Accolades

"The Few"

By Prime Minister Winston Churchill

August 20th 1940 – House of Commons

On August 15, the crisis of the battle of Britain was reached. All the resources of Fighter Command in the South was used. The most difficult and dangerous period of the Battle of Britain was between August 24 and September 6, when the German attack was directed against the R.A.F airfields in the South of England with considerable success. In this speech Churchill coined the phrase, "The Few" to describe the R.A.F figher-pilots. The phrase stuck.

"The gratitude of every home in our Island, in our Empire, and indeed throughout the world, except in the abodes of the guilty, goes out to the British airmen who, undanted by odds, unwearied in their constant challenge and mortal danger, are turning the tide of the World War by thier prowess and by their devotion. Never in the field of human conflict was so much owed by so many to so few. All hearts go out to the fighter pilots, whose brilliant actions we see with our own eyes day after day; but we mush never forget that all the time, night after night, month after month, our bomber squadrons travel far into Germany, find their targets in the darkness by the highest navigational skill, aim their attacks, often under the heaviest fire, often with serious loss, with deliberate careful discrimination, and inflict shattering blows upon the whole of the technical and war-making structure of the Nazi power.

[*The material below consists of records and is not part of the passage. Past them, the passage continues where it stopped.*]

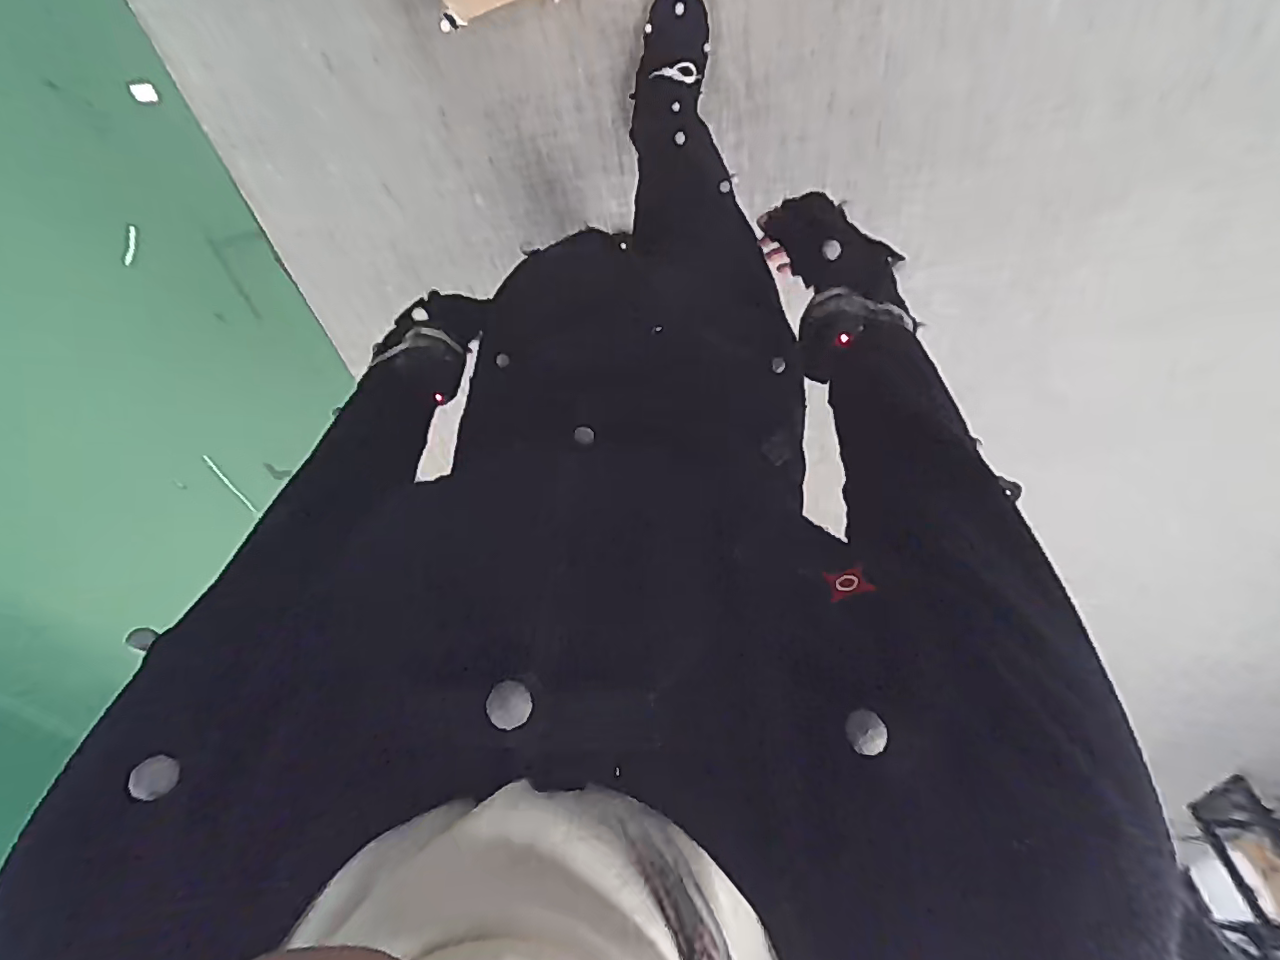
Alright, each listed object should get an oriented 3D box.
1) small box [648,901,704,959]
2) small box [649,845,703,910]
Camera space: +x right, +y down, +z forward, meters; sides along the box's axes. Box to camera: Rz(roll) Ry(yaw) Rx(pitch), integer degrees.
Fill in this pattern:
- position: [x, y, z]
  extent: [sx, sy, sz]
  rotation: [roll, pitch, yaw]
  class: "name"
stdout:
- position: [0.125, 1.582, 1.881]
  extent: [0.168, 0.176, 0.179]
  rotation: [-8, 132, 11]
  class: "small box"
- position: [0.134, 1.465, 1.995]
  extent: [0.179, 0.176, 0.168]
  rotation: [-6, 132, 11]
  class: "small box"

On no part of the Royal Air Force does the weight of hte war fall more heavily than on the daylight bombers, who will play an invaluable part in the case of invasion and whose unflinching zeal it has been necessary in the meanwhile on numerous occasions to restrain.

We are able to verify the results of bombing military targets in Germany, not only by reports which reach us through many sources, but also, of course, by photography. I have no hesitation in saying that this process of bombing the military industries and communications of Germany and the air bases and storage depots from which we are attacked, which process will continue upon an ever-increasing scale until the end of the war, and may in another year attain dimensions hitherto undreamed of, affords one at least of the most certain, in not the shortest, of all the roads to victory. Even if the Nazi legions stood triumphant on the Black Sea, or indeed upon the Caspian, even if Hitler was at the gates of India, it would profit him nothing if at the same time the entire economic and scientific apparatus of German war power lay shattered and pulverized at home."